→ WORK ITEM
Keep every word of the listing and reproduce it exactly, but set aside any image found there.

⁂

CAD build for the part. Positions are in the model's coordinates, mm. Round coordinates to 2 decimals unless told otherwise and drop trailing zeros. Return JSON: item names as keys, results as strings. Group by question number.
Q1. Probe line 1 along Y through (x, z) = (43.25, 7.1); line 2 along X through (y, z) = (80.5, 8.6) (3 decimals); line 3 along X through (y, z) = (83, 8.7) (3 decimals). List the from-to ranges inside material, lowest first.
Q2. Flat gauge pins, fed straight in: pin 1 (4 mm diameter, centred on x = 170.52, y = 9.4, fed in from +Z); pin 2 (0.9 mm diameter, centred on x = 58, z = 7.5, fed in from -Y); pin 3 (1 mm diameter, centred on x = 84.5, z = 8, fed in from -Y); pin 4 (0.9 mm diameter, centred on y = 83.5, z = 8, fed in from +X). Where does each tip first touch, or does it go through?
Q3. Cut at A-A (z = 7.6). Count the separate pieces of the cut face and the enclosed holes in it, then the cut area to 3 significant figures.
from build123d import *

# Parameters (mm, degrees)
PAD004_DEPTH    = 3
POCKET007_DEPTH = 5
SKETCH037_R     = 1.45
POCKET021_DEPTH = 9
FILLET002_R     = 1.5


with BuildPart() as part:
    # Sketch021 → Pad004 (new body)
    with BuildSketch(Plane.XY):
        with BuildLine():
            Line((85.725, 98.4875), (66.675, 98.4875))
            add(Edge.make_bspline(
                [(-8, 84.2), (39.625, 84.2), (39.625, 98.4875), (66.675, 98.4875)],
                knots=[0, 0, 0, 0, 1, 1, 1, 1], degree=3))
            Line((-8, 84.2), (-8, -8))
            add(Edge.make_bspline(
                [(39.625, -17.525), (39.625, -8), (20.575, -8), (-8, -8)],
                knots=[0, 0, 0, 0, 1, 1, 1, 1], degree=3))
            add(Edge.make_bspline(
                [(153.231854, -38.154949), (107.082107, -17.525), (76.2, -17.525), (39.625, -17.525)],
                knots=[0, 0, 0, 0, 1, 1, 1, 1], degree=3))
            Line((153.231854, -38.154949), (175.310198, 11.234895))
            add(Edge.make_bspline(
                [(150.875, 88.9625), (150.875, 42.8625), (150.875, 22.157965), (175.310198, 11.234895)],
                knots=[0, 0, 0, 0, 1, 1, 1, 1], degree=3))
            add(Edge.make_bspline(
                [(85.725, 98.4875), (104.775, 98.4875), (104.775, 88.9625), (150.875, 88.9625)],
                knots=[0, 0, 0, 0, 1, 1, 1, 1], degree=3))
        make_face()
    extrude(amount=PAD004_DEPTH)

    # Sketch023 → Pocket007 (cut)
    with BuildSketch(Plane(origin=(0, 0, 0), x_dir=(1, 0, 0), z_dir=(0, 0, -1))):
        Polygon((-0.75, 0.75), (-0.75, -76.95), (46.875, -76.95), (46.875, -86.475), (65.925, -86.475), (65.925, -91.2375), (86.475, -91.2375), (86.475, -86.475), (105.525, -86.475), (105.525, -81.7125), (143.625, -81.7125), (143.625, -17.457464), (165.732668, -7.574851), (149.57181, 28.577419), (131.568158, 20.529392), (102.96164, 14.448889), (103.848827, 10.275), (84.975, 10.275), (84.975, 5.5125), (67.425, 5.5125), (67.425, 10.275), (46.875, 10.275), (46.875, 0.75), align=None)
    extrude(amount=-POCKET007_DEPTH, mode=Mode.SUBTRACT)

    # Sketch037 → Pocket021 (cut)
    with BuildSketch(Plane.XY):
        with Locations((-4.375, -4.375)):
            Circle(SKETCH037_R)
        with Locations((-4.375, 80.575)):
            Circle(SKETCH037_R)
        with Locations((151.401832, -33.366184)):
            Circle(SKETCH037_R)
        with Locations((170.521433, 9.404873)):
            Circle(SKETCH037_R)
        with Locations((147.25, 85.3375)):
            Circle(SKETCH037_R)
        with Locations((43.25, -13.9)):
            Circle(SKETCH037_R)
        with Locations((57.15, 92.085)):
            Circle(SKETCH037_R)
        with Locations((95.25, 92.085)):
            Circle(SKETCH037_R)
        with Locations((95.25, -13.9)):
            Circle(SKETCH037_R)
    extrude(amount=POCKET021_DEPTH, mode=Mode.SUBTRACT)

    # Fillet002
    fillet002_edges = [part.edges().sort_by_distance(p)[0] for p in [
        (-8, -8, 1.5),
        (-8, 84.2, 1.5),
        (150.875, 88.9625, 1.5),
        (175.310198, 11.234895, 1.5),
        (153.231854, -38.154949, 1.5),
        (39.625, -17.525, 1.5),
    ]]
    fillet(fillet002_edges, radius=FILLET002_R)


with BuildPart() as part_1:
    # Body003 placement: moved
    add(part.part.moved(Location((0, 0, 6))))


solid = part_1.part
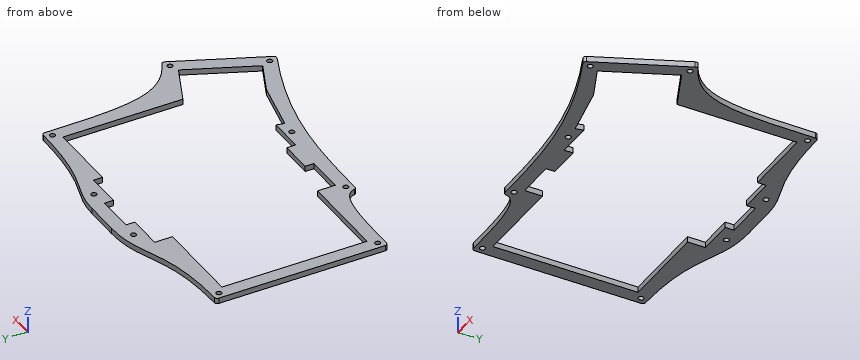
Solution:
{
 "1": {"line 1": "y = -17.53 to -15.35, -12.45 to -0.75, 76.95 to 93.78", "line 2": "x = -8 to -5.823, -2.927 to 46.875, 143.625 to 150.881", "line 3": "x = -7.971 to 46.875, 105.525 to 150.877"},
 "2": {"pin 1": "stops at z = 9", "pin 2": "stops at y = -17.64", "pin 3": "stops at y = -19.13", "pin 4": "stops at x = 150.88"},
 "3": {"separate pieces": "1", "enclosed holes": "10", "area": "4,640 mm²"}
}
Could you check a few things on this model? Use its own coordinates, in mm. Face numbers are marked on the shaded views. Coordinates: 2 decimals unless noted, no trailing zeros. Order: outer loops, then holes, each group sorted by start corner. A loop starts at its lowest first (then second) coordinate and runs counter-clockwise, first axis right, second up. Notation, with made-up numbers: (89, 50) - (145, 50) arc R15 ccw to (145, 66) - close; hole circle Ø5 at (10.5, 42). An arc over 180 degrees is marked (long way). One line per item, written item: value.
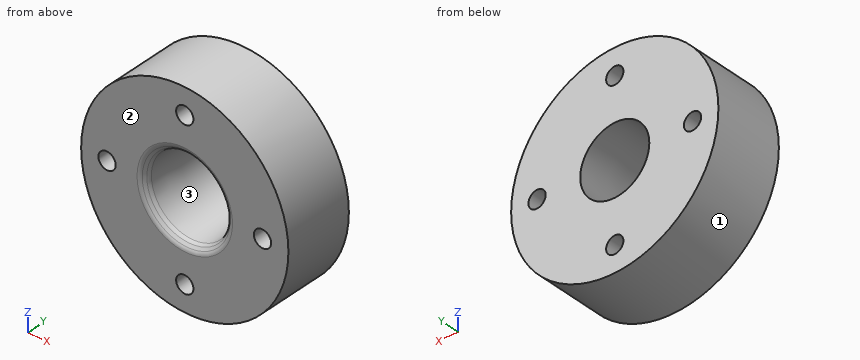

⁂

→ RESULT OF THE EXERCISE
CAD build for the part. Positions are in the model's coordinates, mm. Round coordinates to 2 decimals unless told otherwise and drop trailing zeros. Return JSON: item names as keys, results as strings. Group by question number.
Q1. Probe line 1 along Y through (x, z) = (43.25, 7.1); line 2 along X through (y, z) = (80.5, 8.6) (3 decimals); line 3 along X through (y, z) = (83, 8.7) (3 decimals). List the from-to ranges inside material, lowest first.
Q2. Flat gauge pins, fed straight in: pin 1 (4 mm diameter, centred on x = 170.52, y = 9.4, fed in from +Z); pin 2 (0.9 mm diameter, centred on x = 58, z = 7.5, fed in from -Y); pin 3 (1 mm diameter, centred on x = 84.5, z = 8, fed in from -Y); pin 4 (0.9 mm diameter, centred on y = 83.5, z = 8, fed in from +X). Where does each tip first touch, or does it go through?
Q3. Cut at A-A (z = 7.6). Count the separate pieces of the cut face and the enclosed holes in it, then the cut area to 3 significant figures.
from build123d import *

# Parameters (mm, degrees)
PAD004_DEPTH    = 3
POCKET007_DEPTH = 5
SKETCH037_R     = 1.45
POCKET021_DEPTH = 9
FILLET002_R     = 1.5


with BuildPart() as part:
    # Sketch021 → Pad004 (new body)
    with BuildSketch(Plane.XY):
        with BuildLine():
            Line((85.725, 98.4875), (66.675, 98.4875))
            add(Edge.make_bspline(
                [(-8, 84.2), (39.625, 84.2), (39.625, 98.4875), (66.675, 98.4875)],
                knots=[0, 0, 0, 0, 1, 1, 1, 1], degree=3))
            Line((-8, 84.2), (-8, -8))
            add(Edge.make_bspline(
                [(39.625, -17.525), (39.625, -8), (20.575, -8), (-8, -8)],
                knots=[0, 0, 0, 0, 1, 1, 1, 1], degree=3))
            add(Edge.make_bspline(
                [(153.231854, -38.154949), (107.082107, -17.525), (76.2, -17.525), (39.625, -17.525)],
                knots=[0, 0, 0, 0, 1, 1, 1, 1], degree=3))
            Line((153.231854, -38.154949), (175.310198, 11.234895))
            add(Edge.make_bspline(
                [(150.875, 88.9625), (150.875, 42.8625), (150.875, 22.157965), (175.310198, 11.234895)],
                knots=[0, 0, 0, 0, 1, 1, 1, 1], degree=3))
            add(Edge.make_bspline(
                [(85.725, 98.4875), (104.775, 98.4875), (104.775, 88.9625), (150.875, 88.9625)],
                knots=[0, 0, 0, 0, 1, 1, 1, 1], degree=3))
        make_face()
    extrude(amount=PAD004_DEPTH)

    # Sketch023 → Pocket007 (cut)
    with BuildSketch(Plane(origin=(0, 0, 0), x_dir=(1, 0, 0), z_dir=(0, 0, -1))):
        Polygon((-0.75, 0.75), (-0.75, -76.95), (46.875, -76.95), (46.875, -86.475), (65.925, -86.475), (65.925, -91.2375), (86.475, -91.2375), (86.475, -86.475), (105.525, -86.475), (105.525, -81.7125), (143.625, -81.7125), (143.625, -17.457464), (165.732668, -7.574851), (149.57181, 28.577419), (131.568158, 20.529392), (102.96164, 14.448889), (103.848827, 10.275), (84.975, 10.275), (84.975, 5.5125), (67.425, 5.5125), (67.425, 10.275), (46.875, 10.275), (46.875, 0.75), align=None)
    extrude(amount=-POCKET007_DEPTH, mode=Mode.SUBTRACT)

    # Sketch037 → Pocket021 (cut)
    with BuildSketch(Plane.XY):
        with Locations((-4.375, -4.375)):
            Circle(SKETCH037_R)
        with Locations((-4.375, 80.575)):
            Circle(SKETCH037_R)
        with Locations((151.401832, -33.366184)):
            Circle(SKETCH037_R)
        with Locations((170.521433, 9.404873)):
            Circle(SKETCH037_R)
        with Locations((147.25, 85.3375)):
            Circle(SKETCH037_R)
        with Locations((43.25, -13.9)):
            Circle(SKETCH037_R)
        with Locations((57.15, 92.085)):
            Circle(SKETCH037_R)
        with Locations((95.25, 92.085)):
            Circle(SKETCH037_R)
        with Locations((95.25, -13.9)):
            Circle(SKETCH037_R)
    extrude(amount=POCKET021_DEPTH, mode=Mode.SUBTRACT)

    # Fillet002
    fillet002_edges = [part.edges().sort_by_distance(p)[0] for p in [
        (-8, -8, 1.5),
        (-8, 84.2, 1.5),
        (150.875, 88.9625, 1.5),
        (175.310198, 11.234895, 1.5),
        (153.231854, -38.154949, 1.5),
        (39.625, -17.525, 1.5),
    ]]
    fillet(fillet002_edges, radius=FILLET002_R)


with BuildPart() as part_1:
    # Body003 placement: moved
    add(part.part.moved(Location((0, 0, 6))))


solid = part_1.part
Solution:
{
 "1": {"line 1": "y = -17.53 to -15.35, -12.45 to -0.75, 76.95 to 93.78", "line 2": "x = -8 to -5.823, -2.927 to 46.875, 143.625 to 150.881", "line 3": "x = -7.971 to 46.875, 105.525 to 150.877"},
 "2": {"pin 1": "stops at z = 9", "pin 2": "stops at y = -17.64", "pin 3": "stops at y = -19.13", "pin 4": "stops at x = 150.88"},
 "3": {"separate pieces": "1", "enclosed holes": "10", "area": "4,640 mm²"}
}
Could you check a few things on this model? Use its own coordinates, in mm. Face numbers are marked on the shaded views. Coordinates: 2 decimals unless noted, no trailing zeros. Order: outer loops, then holes, each group sorted by start corner. A loop starts at its lowest first (then second) coordinate and runs counter-clockwise, first axis right, second up. Notation, with made-up numbers: (89, 50) - (145, 50) arc R15 ccw to (145, 66) - close; hole circle Ø5 at (10.5, 42). An arc over 180 degrees is marked (long way). One line per item, written item: value.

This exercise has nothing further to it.